=== RECORDED INFORMATION ===

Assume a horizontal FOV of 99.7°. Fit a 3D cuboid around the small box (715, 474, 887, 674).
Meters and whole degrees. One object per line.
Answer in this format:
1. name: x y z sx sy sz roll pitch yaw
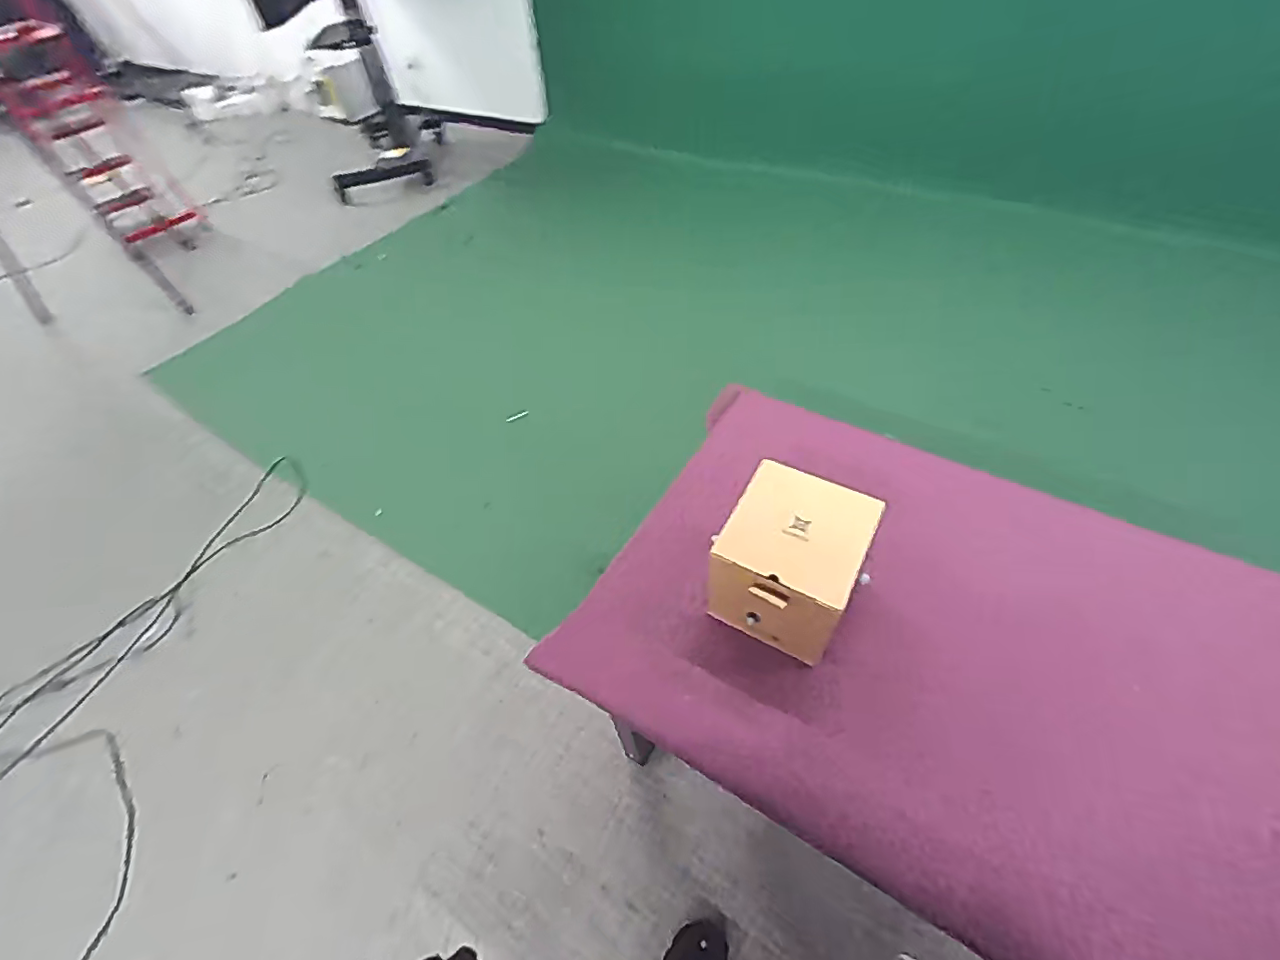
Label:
1. small box: 0.208 0.129 0.739 0.168 0.176 0.179 23 57 22
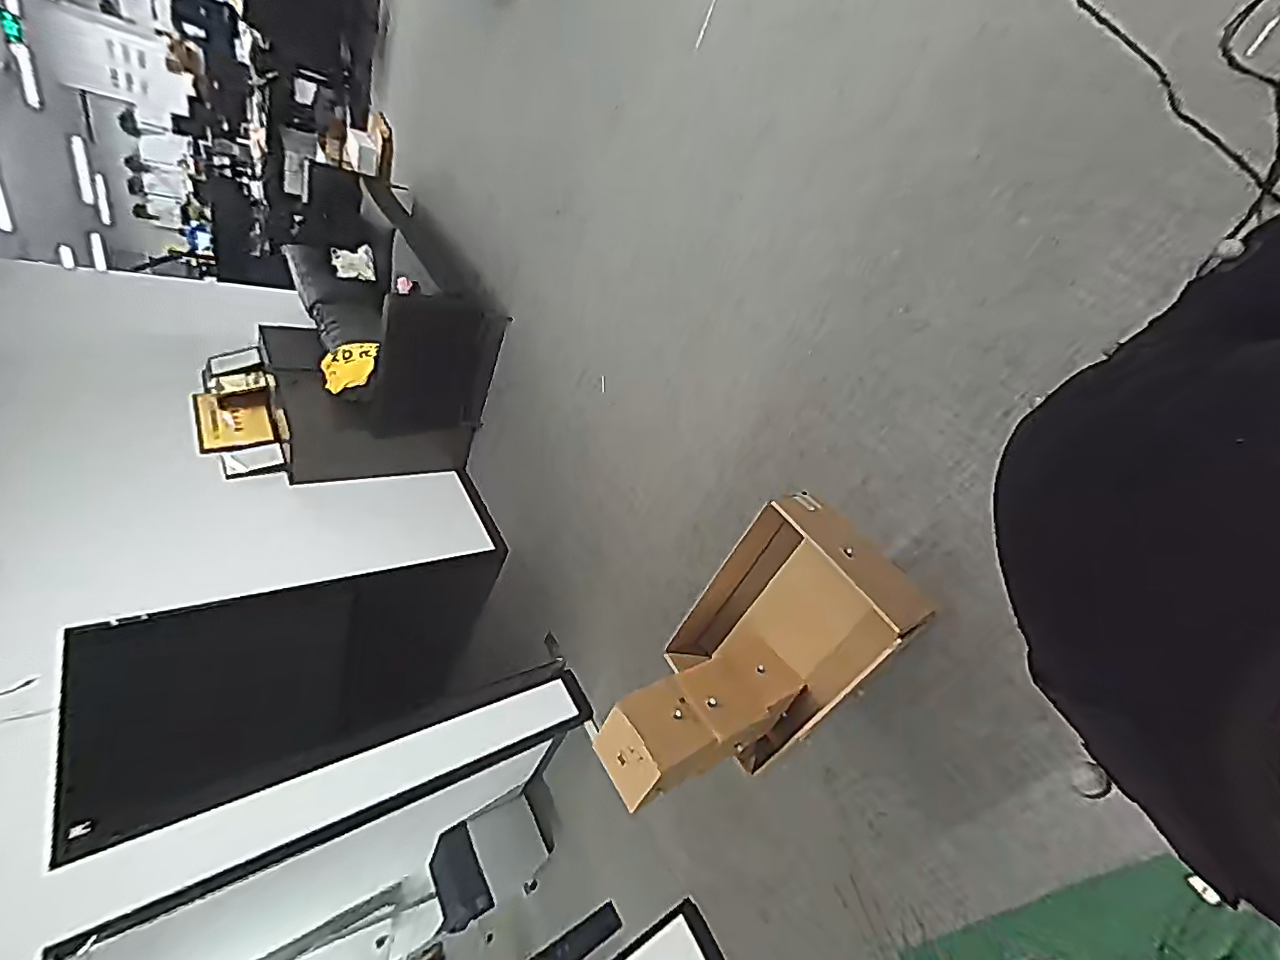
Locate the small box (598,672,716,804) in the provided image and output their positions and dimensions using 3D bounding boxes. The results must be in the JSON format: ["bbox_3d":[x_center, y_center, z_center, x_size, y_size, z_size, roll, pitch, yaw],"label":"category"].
[{"bbox_3d":[0.039,0.558,1.186,0.168,0.176,0.179,48,128,33],"label":"small box"}]

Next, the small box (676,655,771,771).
[{"bbox_3d":[0.172,0.539,1.282,0.179,0.176,0.168,46,128,35],"label":"small box"}]

===

## [TASK STATEMENT]
Write the records above out again exactly, with no pictures in your copy.

## [RESULT]
Assume a horizontal FOV of 99.7°. Fit a 3D cuboid around the small box (715, 474, 887, 674).
Meters and whole degrees. One object per line.
Answer in this format:
1. name: x y z sx sy sz roll pitch yaw
Label:
1. small box: 0.208 0.129 0.739 0.168 0.176 0.179 23 57 22
Locate the small box (598,672,716,804) in the provided image and output their positions and dimensions using 3D bounding boxes. The results must be in the JSON format: ["bbox_3d":[x_center, y_center, z_center, x_size, y_size, z_size, roll, pitch, yaw],"label":"category"].
[{"bbox_3d":[0.039,0.558,1.186,0.168,0.176,0.179,48,128,33],"label":"small box"}]

Next, the small box (676,655,771,771).
[{"bbox_3d":[0.172,0.539,1.282,0.179,0.176,0.168,46,128,35],"label":"small box"}]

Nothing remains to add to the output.